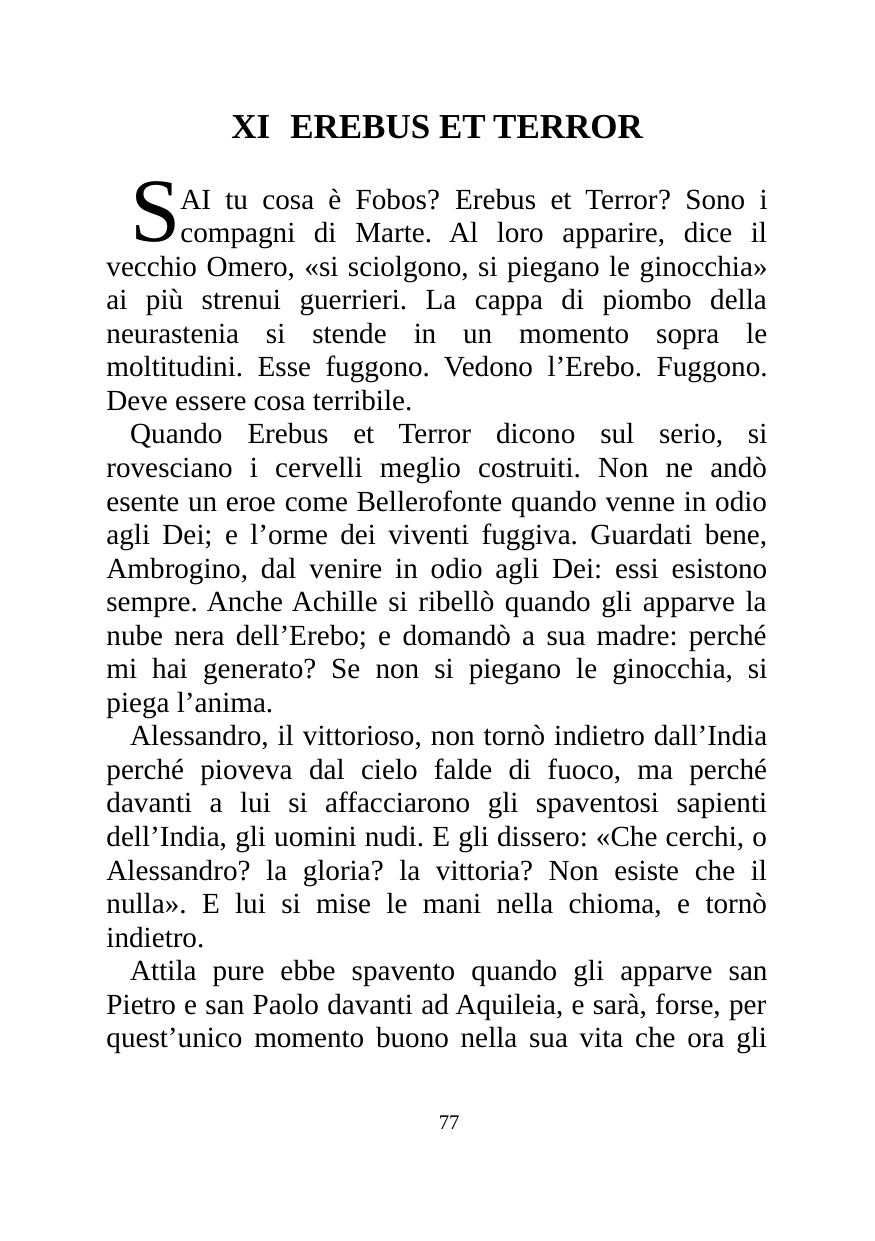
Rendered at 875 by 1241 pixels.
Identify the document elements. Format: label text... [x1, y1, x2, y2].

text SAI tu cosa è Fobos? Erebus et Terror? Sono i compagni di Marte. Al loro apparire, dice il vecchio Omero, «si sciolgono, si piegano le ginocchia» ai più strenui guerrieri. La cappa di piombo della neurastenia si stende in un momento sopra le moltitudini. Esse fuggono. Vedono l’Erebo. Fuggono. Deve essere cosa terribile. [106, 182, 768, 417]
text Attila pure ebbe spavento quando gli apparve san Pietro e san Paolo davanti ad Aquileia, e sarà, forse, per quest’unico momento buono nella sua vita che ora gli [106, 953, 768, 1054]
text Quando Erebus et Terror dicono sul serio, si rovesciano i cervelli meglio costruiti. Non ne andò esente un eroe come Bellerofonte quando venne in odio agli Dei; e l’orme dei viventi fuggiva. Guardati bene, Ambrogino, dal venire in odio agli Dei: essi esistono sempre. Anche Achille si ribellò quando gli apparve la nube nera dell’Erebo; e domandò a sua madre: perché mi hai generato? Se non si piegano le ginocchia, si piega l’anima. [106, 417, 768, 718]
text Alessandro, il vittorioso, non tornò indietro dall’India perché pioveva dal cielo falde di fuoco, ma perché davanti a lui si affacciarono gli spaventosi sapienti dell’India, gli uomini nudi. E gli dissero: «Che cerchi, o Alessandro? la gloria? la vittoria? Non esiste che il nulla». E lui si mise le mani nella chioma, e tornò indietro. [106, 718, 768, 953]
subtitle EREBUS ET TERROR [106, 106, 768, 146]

Prompt → For the entries above, return an exact copy that omits the images.

Exercise response →
Rendered at 875 by 1241 pixels.
Identify the document elements. Format: label text... [x1, y1, x2, y2].

text SAI tu cosa è Fobos? Erebus et Terror? Sono i compagni di Marte. Al loro apparire, dice il vecchio Omero, «si sciolgono, si piegano le ginocchia» ai più strenui guerrieri. La cappa di piombo della neurastenia si stende in un momento sopra le moltitudini. Esse fuggono. Vedono l’Erebo. Fuggono. Deve essere cosa terribile. [106, 182, 768, 417]
text Attila pure ebbe spavento quando gli apparve san Pietro e san Paolo davanti ad Aquileia, e sarà, forse, per quest’unico momento buono nella sua vita che ora gli [106, 953, 768, 1054]
text Quando Erebus et Terror dicono sul serio, si rovesciano i cervelli meglio costruiti. Non ne andò esente un eroe come Bellerofonte quando venne in odio agli Dei; e l’orme dei viventi fuggiva. Guardati bene, Ambrogino, dal venire in odio agli Dei: essi esistono sempre. Anche Achille si ribellò quando gli apparve la nube nera dell’Erebo; e domandò a sua madre: perché mi hai generato? Se non si piegano le ginocchia, si piega l’anima. [106, 417, 768, 718]
text Alessandro, il vittorioso, non tornò indietro dall’India perché pioveva dal cielo falde di fuoco, ma perché davanti a lui si affacciarono gli spaventosi sapienti dell’India, gli uomini nudi. E gli dissero: «Che cerchi, o Alessandro? la gloria? la vittoria? Non esiste che il nulla». E lui si mise le mani nella chioma, e tornò indietro. [106, 718, 768, 953]
subtitle EREBUS ET TERROR [106, 106, 768, 146]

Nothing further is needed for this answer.